Dahl, un guardacostas, navegaba con su barco cerca de la deshabitada isla de Maury, a unas tres millas de la costa, cuando él, su hijo y su tripulación vieron cinco donas voladoras que giraban en silencio alrededor de una sexta que parecía estar en apuros. Dahl
describió las naves como «globos», redondas pero ligeramente aplastadas en la parte superior. Tenían unos 100 pies de diámetro, con agujeros de 25 pies en el centro, de ahí su forma de dona. Las ventanas redondas que rodeaban el exterior de la nave brillaban «como el salpicadero de un Buick». Mientras la tripulación observaba, la «dona» central en apuros descendió hasta unos 500 pies y, con un «golpe sordo», liberó una gran cantidad de material metálico similar al papel y roca negra fundida. Parte de la roca golpeó a su perro, matándolo; otra parte quemó el brazo del hijo de Dahl. Al regresar cojeando a la orilla, Dahl le contó inmediatamente lo sucedido a Fred Crisman, a quien se refería en la carta como su «oficial superior», y luego se fue a casa a recuperarse.
A la mañana siguiente, un hombre vestido de negro se presentó en la casa de Dahl en un Buick de 1947 y lo invitó a desayunar a una cafetería cercana. Allí, el extraño hombre —el prototipo del «Hombre de Negro», un personaje habitual en las leyendas sobre ovnis de los años 50 y 60— procedió a repetir cada detalle del encuentro de Dahl y le advirtió que no hablara con nadie más al respecto. Aunque perturbado por la situación, Dahl hizo caso omiso de la advertencia del hombre y escribió a Ray Palmer, adjuntando muestras de los restos de dona recogidos por Fred Crisman al día siguiente del encuentro de Dahl.[1] Palmer se mostró inicialmente escéptico respecto a la historia de Dahl sobre «el que se escapó», pero más tarde cambió de opinión y, a mediados de julio, sugirió a Kenneth Arnold que, como hombre que había descubierto los platillos volantes, era la persona ideal para investigar el caso. Le ofreció a Arnold una gratificación de 200 dólares (unos 2,000 dólares en valor actual) para ayudarle a decidirse.
El 25 de julio de 1947, Arnold recibió en su casa de Boise la visita de dos agentes de Inteligencia de la Fuerza Aérea del Ejército, Frank Brown y William Davidson, a quienes se les había encomendado averiguar qué había detrás de las historias sobre platillos volantes. Fue una reunión amistosa: los agentes de la Fuerza Aérea del Ejército interrogaron a Arnold sobre su avistamiento y mostraron interés por la invitación de Palmer, que Arnold aún no había aceptado. Los agentes también hablaron con algunos amigos y contactos del mundo de la aviación de Arnold, y expresaron su preocupación por sus comentarios sobre las aeronaves atómicas.
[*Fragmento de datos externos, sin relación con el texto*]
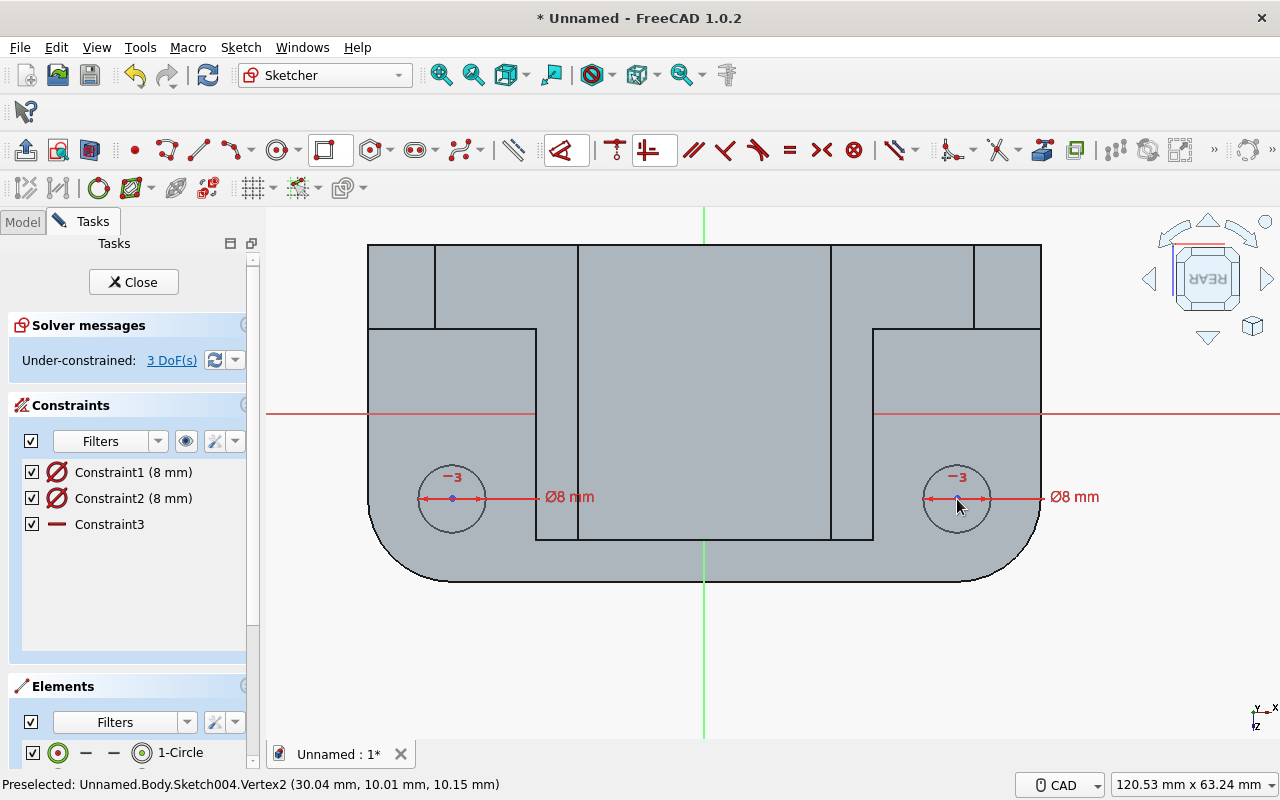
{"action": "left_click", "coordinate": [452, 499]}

Uno de ellos era David Johnson, editor de aviación del Idaho Statesman. El propio Johnson había visto un platillo volante y fue él quien finalmente convenció a Arnold para que investigara las afirmaciones de Dahl, prometiéndole que su periódico se haría cargo de los gastos.[2]
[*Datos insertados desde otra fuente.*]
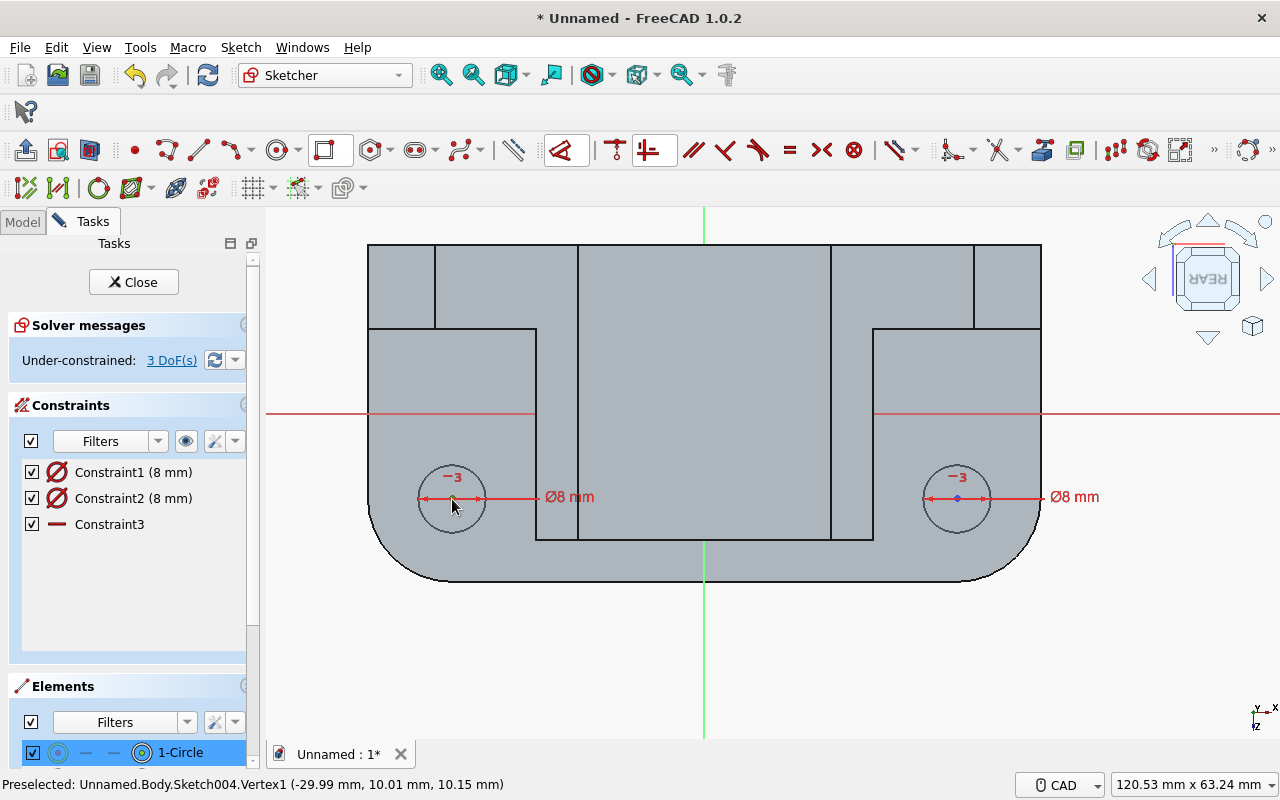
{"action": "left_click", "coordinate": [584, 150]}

El 29 de julio, Arnold voló a Tacoma y, durante el trayecto, volvió a avistar un ovni; esta vez se trataba de unas dos docenas de objetos de color latón, con forma de pato, que volaban hacia él a una velocidad inmensa. Al aterrizar en el aeródromo de Tacoma, Arnold se encontró con una habitación ya reservada para él en el lujoso Hotel Winthrop. Esto resultaba extraño: solo Johnson sabía que tenía previsto estar allí ese día. Arnold se instaló en la habitación y localizó a Dahl, quien lo llevó en coche a la casa de una secretaria que se ocupaba de la
escoria negra del platillo, parte de la cual se estaba utilizando como cenicero. A Arnold, los restos del ovni le parecieron lava corriente, pero Dahl insistió en que se trataba del mismo material que había impactado contra su barco. Fred Crisman apareció un poco más tarde, causando en Arnold la impresión de ser un personaje imponente y seguro de sí mismo, en contraste con Dahl, que era bastante tímido y de entendimiento lento, y tendía a retirarse de la conversación cuando Crisman estaba presente.
Sintiéndose un poco desbordado, Arnold decidió llamar a E. J. Smith, otro piloto que había visto los platillos, para que le ayudara con su investigación. Al día siguiente, en una conversación a solas con Smith, Crisman le explicó que las naves con forma de dona que había visto Dahl eran muy diferentes de los objetos del Monte Rainier descritos por Arnold. También insistió en que ninguna de las naves era algo que cabría esperar que tuviera el ejército estadounidense, y mencionó los rumores de que los nazis habían construido discos voladores al final de la guerra. ¿Intentaba Crisman influir en Smith para que convenciera a Arnold de que las naves que había visto no eran estadounidenses?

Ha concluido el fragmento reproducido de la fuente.